What the task requires
In your copy, set down the entries exactly and exclude the pictures.

Records excerpted from a collection:
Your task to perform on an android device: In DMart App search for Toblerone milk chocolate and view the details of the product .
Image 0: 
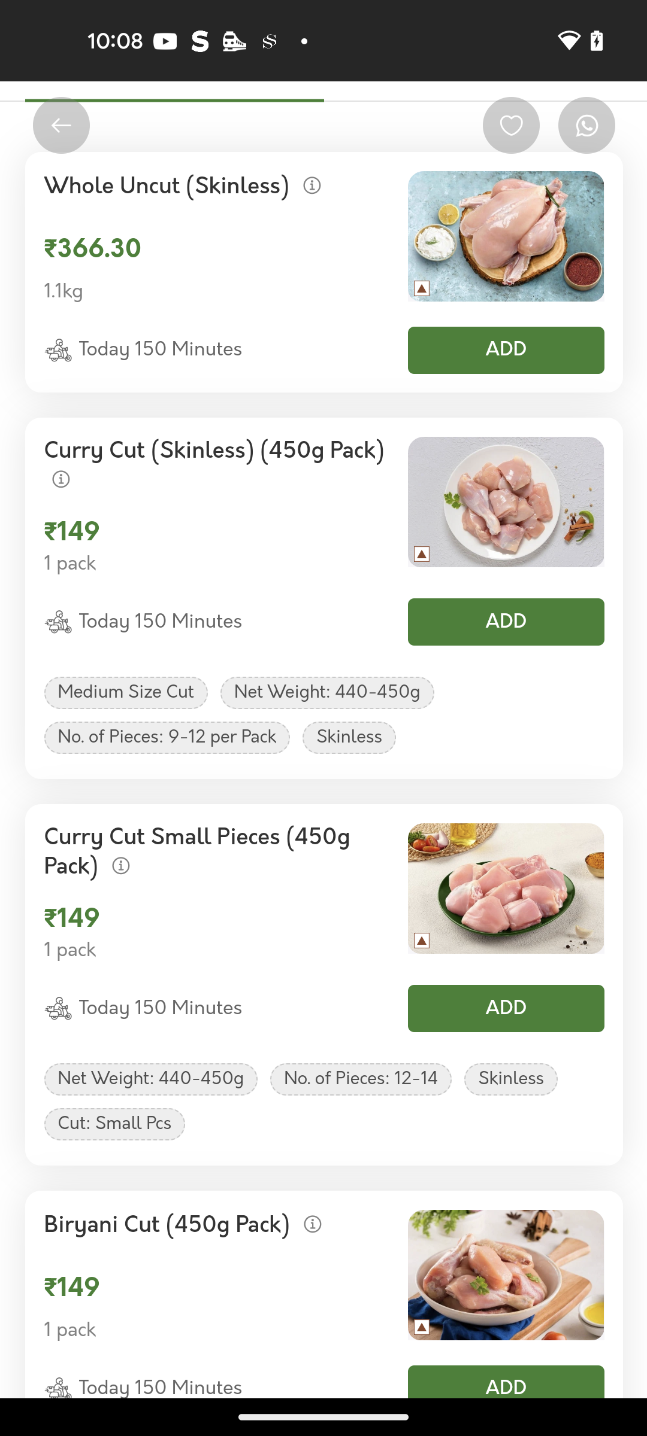
Open the DMart App
Step 0: open app "DMart Ready"
Image 1: 
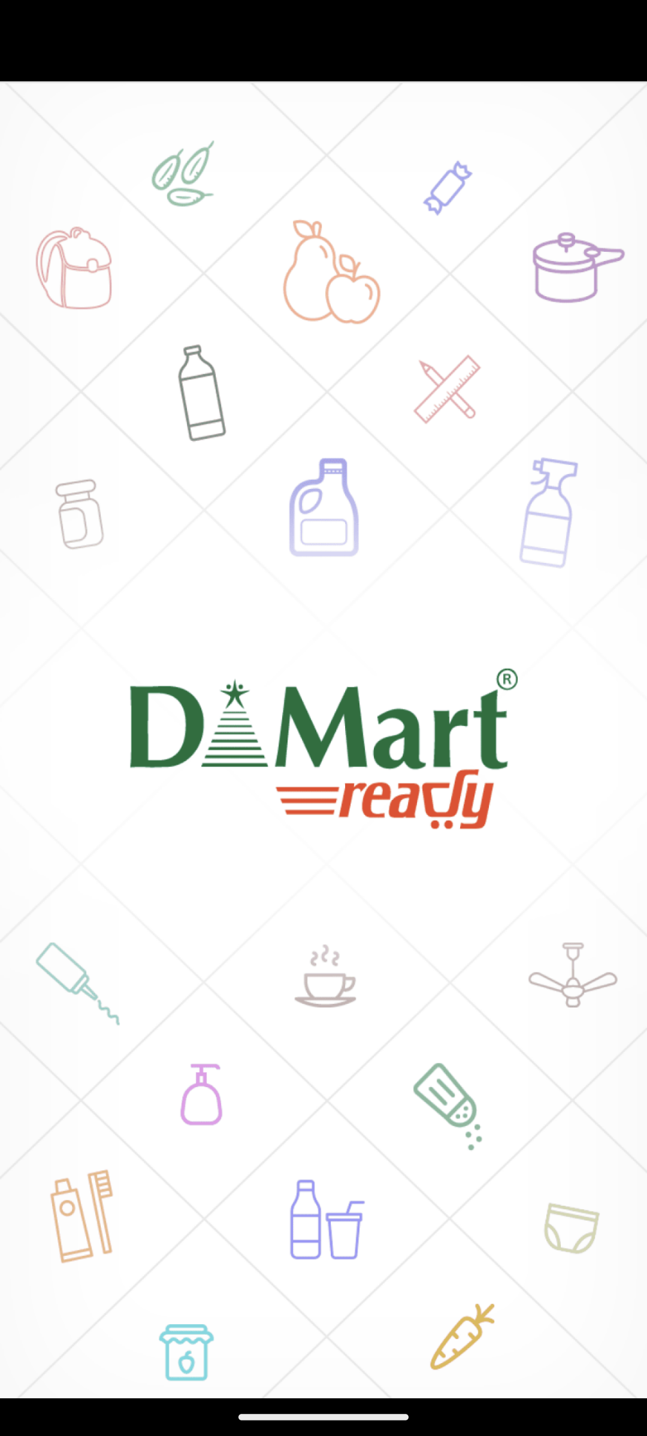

Response area
Your task to perform on an android device: In DMart App search for Toblerone milk chocolate and view the details of the product .
Image 0: 
Open the DMart App
Step 0: open app "DMart Ready"
Image 1: 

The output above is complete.